[Recorded data]
------------------------------------------------

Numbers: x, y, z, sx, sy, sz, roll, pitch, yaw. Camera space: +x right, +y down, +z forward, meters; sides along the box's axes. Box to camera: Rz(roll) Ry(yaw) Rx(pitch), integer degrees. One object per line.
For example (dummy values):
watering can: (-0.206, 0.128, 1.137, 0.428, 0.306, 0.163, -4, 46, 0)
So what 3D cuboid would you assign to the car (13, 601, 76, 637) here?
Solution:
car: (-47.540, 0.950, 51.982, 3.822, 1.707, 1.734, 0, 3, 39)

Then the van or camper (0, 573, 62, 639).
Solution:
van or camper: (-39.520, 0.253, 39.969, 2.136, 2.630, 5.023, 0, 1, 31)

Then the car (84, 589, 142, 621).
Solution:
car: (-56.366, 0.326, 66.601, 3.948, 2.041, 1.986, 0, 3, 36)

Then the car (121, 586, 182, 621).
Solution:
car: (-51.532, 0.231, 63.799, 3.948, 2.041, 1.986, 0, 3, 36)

------------------------------------------------

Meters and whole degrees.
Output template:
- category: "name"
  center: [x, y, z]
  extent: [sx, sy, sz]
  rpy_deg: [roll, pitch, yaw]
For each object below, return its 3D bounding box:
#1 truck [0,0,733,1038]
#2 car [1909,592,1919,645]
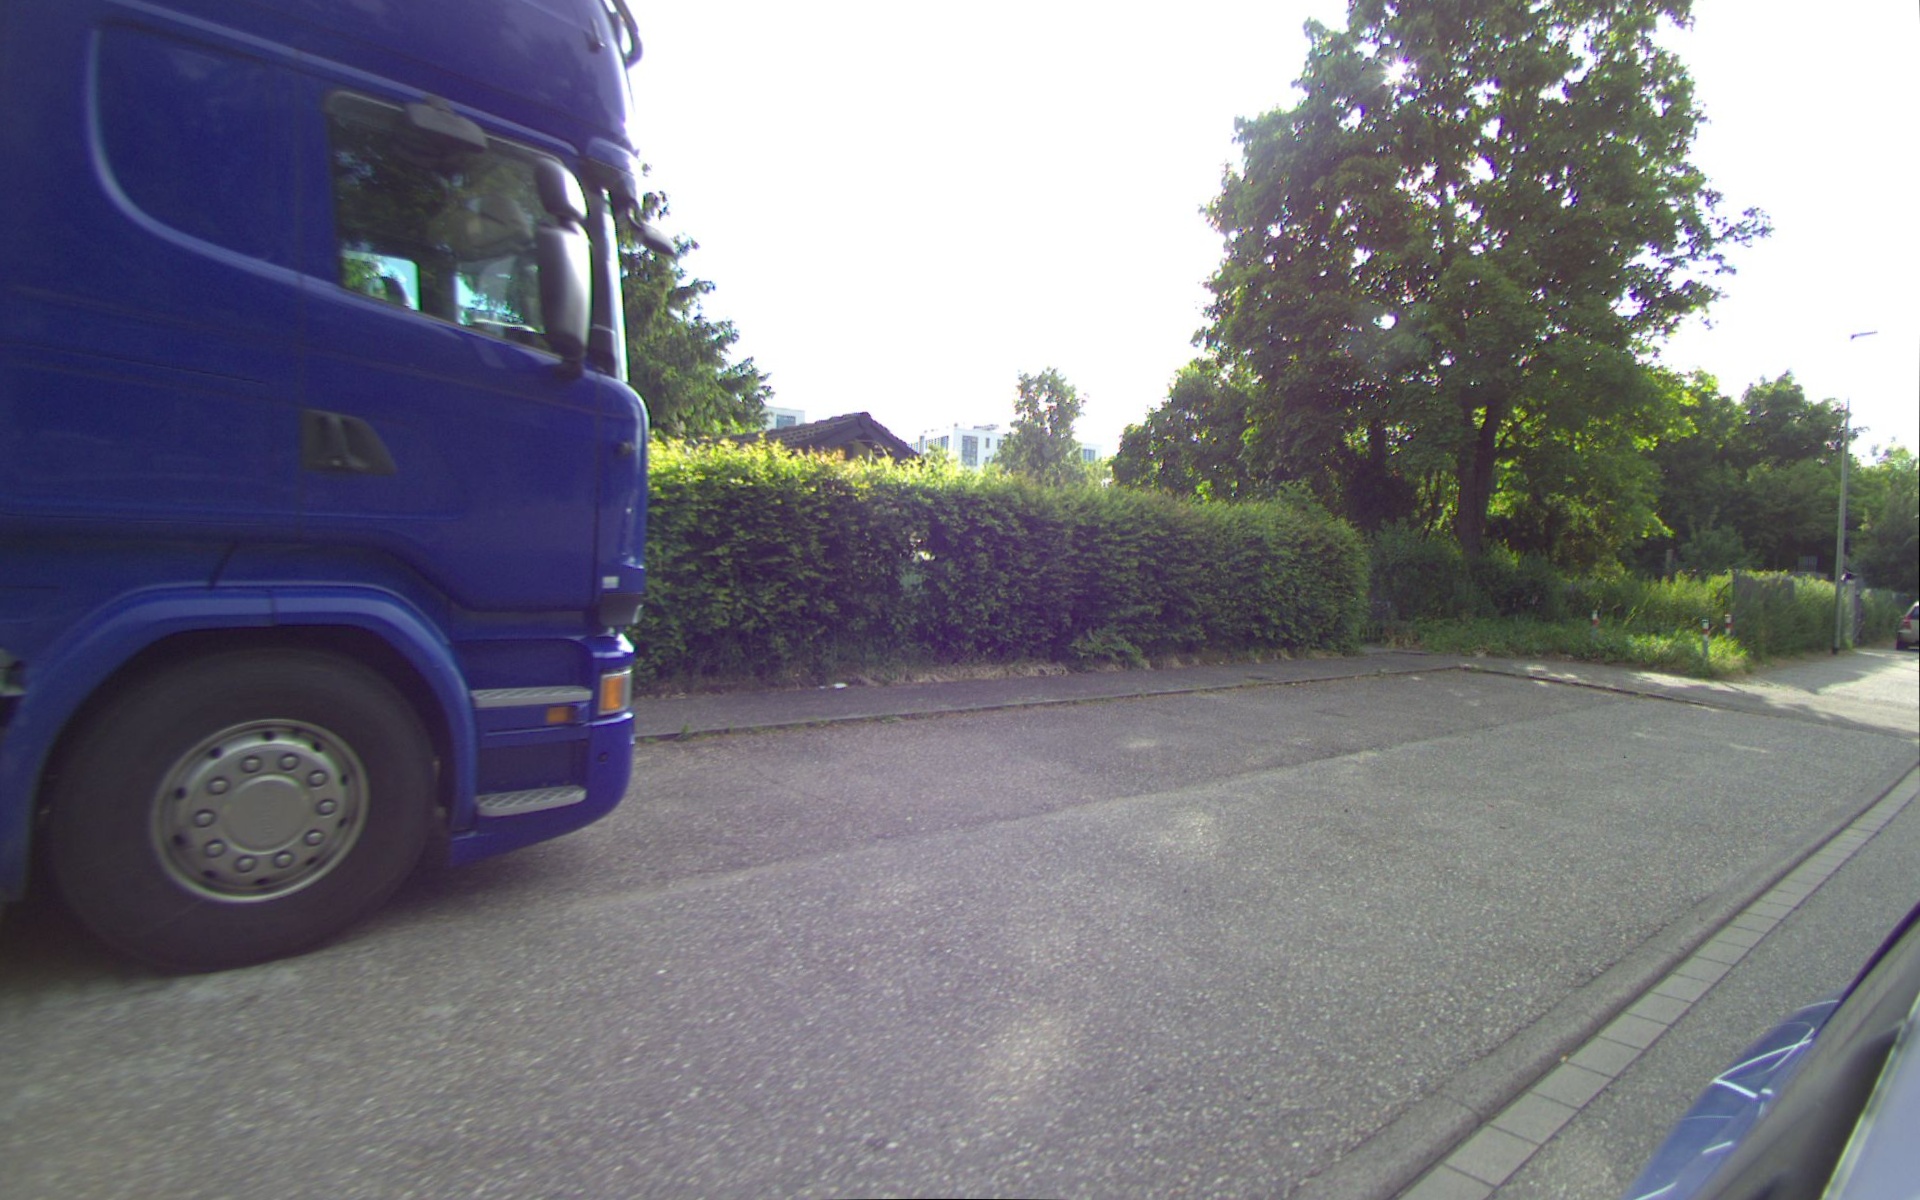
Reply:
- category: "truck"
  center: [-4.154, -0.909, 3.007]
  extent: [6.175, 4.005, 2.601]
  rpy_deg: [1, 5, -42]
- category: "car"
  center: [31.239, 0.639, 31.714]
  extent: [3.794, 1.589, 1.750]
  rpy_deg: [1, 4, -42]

------------------------------------------------

§ **EXERCISE PROMPT**:
Find the word "pitch" in the records. Copy every line it appears in.

§ **FINISHED EXERCISE**:
Numbers: x, y, z, sx, sy, sz, roll, pitch, yaw. Camera space: +x right, +y down, +z forward, meters; sides along the box's axes. Box to camera: Rz(roll) Ry(yaw) Rx(pitch), integer degrees. One object per line.
  rpy_deg: [roll, pitch, yaw]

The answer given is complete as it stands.